Литта молчала, леденея. Морозные, слабо переливались звезды наверху.

— Ежели со мной… ежели вместе… Тогда сейчас уходи, уходи, я и буду знать. Не стой, не жди. Я буду знать, что вместе… что я не один.

Хотела двинуться — и не могла. Ноги точно приросли, примерзли к снегу. О, зачем она!.. Лучше бы не понимать, не знать! О, если бы ничего этого не было!

Флорентий поднял голову, прислушался. Нет. Показалось.

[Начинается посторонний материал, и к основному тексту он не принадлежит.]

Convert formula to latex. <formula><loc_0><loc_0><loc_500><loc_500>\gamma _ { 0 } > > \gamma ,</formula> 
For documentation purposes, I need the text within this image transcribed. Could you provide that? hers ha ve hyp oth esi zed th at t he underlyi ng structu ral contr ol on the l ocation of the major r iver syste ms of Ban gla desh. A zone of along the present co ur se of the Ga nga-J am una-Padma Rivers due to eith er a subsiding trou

Проговорил совсем спокойно:

— Думал — уж он. Да, пожалуй, в монастырь, к отцу Лаврентию завернул… Приедет.

Вдруг успокоилась и Литта. Или просто холод до сердца дошел. Ясная, прозрачная, крепкая льдинка вместо сердца. Только о нем, только вот о Флорентии…

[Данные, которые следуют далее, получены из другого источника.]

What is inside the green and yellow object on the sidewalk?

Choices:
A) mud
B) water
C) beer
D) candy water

— Прости, — сказала и обняла, холодными губами ища его губ. — Я с тобой. Пусть наша вина. Я с тобой.

И разомкнула объятия, пошла, не оглядываясь, к дому, быстро, — и затерялась в синей тьме снегов и звезд.

Флорентий постоял, поглядел на тусклый огонек во флигеле. Теперь там пусто. Миша с Романом Ивановичем уехал, старуха-стряпка спит в пристройке. Тихо.

Вышел на дорогу. Долго бродил. Звездный пар наверху. Внизу точно снег светит.

Скрипят полозья? Или опять кажется?

Из-за поворота сразу выскочили сани. Флорентий посторонился. Санки остановились у ворот.

— Я отопру, — сказал Флорентий. — Ты один?

Роман Иванович оставлял иногда Мишу в городе или где по дороге, когда на другой день собирался туда же выехать.

— Иди, намерзся, я лошадь уберу, — продолжал Флорентий. — А как дела?

— Дела недурны. Ведь где я был! Обещали серьезно с мужиками историю замять. Полагаться, закрыв глаза, на обещанья нечего, конечно, а похоже, что образумились. К нам приедут, да это пустое, формальность, пороются, коньячку попьют… А у тебя как?

— У меня хорошо. С дьяконом серьезно говорил. И с другими. Лучше надеяться нельзя.

— Вот спасибо, друг. Пора, пора нам перестать на месте топтаться. Потихоньку наладимся. Я завтра же и сам определенно кое с кем поговорю. Варсиске телеграмму послал, прилетит. Кончай скорее, еще потолкуем.

Он прошел в сени.

Флорентий возился с лошадью.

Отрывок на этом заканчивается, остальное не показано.